There is a cost story here worth seeing too. With REST, an agent that needs a user’s order status might call three endpoints (get_user, get_orders, get_shipments) and stitch them together, three round-trips, each one burning tokens and time. A well-designed MCP tool, track_order(email), returns the whole answer in one call. For a human writing code, three calls is nothing. For an agent reasoning step by step, every extra call is real money and real latency:

Three granular REST calls, stitched by the agentmore steps, more tokens
One outcome-shaped MCP toolone round-trip
A lesson the protocol quietly teaches: design tools around outcomes the agent wants, not around your database tables. Agentic iteration is expensive in a way that ordinary code is not, so fewer, smarter tools beat many tiny ones.

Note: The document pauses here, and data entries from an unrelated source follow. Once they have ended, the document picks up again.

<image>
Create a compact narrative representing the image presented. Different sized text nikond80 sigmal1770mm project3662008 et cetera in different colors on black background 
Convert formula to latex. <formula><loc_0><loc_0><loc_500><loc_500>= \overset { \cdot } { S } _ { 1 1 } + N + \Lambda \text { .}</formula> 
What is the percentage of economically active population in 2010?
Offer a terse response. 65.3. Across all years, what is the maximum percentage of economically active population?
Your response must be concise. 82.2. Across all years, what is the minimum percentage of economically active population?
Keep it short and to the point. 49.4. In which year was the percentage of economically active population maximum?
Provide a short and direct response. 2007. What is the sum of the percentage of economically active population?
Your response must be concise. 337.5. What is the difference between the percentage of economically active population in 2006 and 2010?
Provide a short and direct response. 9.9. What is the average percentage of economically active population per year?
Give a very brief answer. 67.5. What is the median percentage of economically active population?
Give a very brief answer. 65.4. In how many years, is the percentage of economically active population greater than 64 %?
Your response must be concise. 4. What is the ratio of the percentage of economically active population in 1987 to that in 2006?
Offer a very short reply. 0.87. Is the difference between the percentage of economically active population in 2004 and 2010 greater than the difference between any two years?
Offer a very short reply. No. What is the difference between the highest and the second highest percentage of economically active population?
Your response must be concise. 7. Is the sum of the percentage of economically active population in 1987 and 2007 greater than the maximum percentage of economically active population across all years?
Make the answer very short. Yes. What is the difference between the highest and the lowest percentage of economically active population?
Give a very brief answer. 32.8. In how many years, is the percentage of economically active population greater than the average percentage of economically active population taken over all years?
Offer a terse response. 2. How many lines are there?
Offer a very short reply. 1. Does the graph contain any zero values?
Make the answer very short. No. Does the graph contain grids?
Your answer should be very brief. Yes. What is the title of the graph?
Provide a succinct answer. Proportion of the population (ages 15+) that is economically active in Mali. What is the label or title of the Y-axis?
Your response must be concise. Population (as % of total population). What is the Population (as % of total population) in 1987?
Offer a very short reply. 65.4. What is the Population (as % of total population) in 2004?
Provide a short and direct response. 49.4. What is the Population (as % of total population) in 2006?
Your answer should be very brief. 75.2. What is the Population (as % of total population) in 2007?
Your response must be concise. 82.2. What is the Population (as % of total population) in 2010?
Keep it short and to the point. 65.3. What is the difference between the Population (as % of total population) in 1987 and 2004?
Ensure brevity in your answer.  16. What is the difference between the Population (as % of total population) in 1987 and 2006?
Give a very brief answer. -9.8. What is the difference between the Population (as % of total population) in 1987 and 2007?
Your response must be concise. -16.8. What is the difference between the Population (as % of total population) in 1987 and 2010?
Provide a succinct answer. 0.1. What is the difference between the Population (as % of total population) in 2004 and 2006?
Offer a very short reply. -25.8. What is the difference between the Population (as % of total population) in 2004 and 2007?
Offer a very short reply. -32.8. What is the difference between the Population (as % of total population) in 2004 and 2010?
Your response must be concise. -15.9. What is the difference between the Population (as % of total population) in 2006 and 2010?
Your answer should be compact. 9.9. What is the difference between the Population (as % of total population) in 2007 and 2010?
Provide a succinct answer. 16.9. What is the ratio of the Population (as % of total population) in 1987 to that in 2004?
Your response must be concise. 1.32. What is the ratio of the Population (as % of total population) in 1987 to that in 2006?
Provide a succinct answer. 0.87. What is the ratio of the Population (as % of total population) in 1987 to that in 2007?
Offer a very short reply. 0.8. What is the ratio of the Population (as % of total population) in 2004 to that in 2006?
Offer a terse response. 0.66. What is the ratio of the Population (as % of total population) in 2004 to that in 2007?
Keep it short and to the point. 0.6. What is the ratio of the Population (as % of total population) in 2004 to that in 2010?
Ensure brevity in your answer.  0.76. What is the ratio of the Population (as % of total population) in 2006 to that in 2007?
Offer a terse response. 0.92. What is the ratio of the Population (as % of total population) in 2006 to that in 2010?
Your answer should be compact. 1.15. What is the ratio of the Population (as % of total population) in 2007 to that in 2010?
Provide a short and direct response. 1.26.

The part you must not skip: trust

I will be plain about this, because it matters. An MCP server is something you connect to your AI, and through that AI, to your data and your machine. A malicious or careless server can be handed real reach. Connecting a server you have not vetted is like running a program you downloaded from a stranger, because that is essentially what it is.

So: prefer official servers and ones you wrote yourself. Be especially wary of any server that pulls in content from the open internet, because that content can carry instructions of its own, the prompt-injection problem riding in through the side door. The convenience of MCP is exactly that it lets a model act. Anything that can act on your behalf is something you have to be able to trust. Treat installing a server with the same seriousness you treat installing software, because it is.

Why this one is worth understanding deeply

Most things in the AI stack are getting more complicated. MCP is one of the rare ones that made things simpler, and it did it the way good standards always do: by picking a small, clear contract and getting everyone to agree on it. A host, a client, a server. Three primitives a server can offer. Messages in plain JSON-RPC. Discover at runtime, call when needed, stay in sync. That is the whole spine of it.

Once you hold that spine, the future stops looking like sorcery. The next time an AI app reaches into your calendar, edits your repo, or queries your database and hands you back the answer, you will know there is no magic in it. There is a model that learned to ask “what can I do here?”, a server that answered honestly, and a small, well-designed plug between them, finally letting the thing that could always think, reach out and touch the world.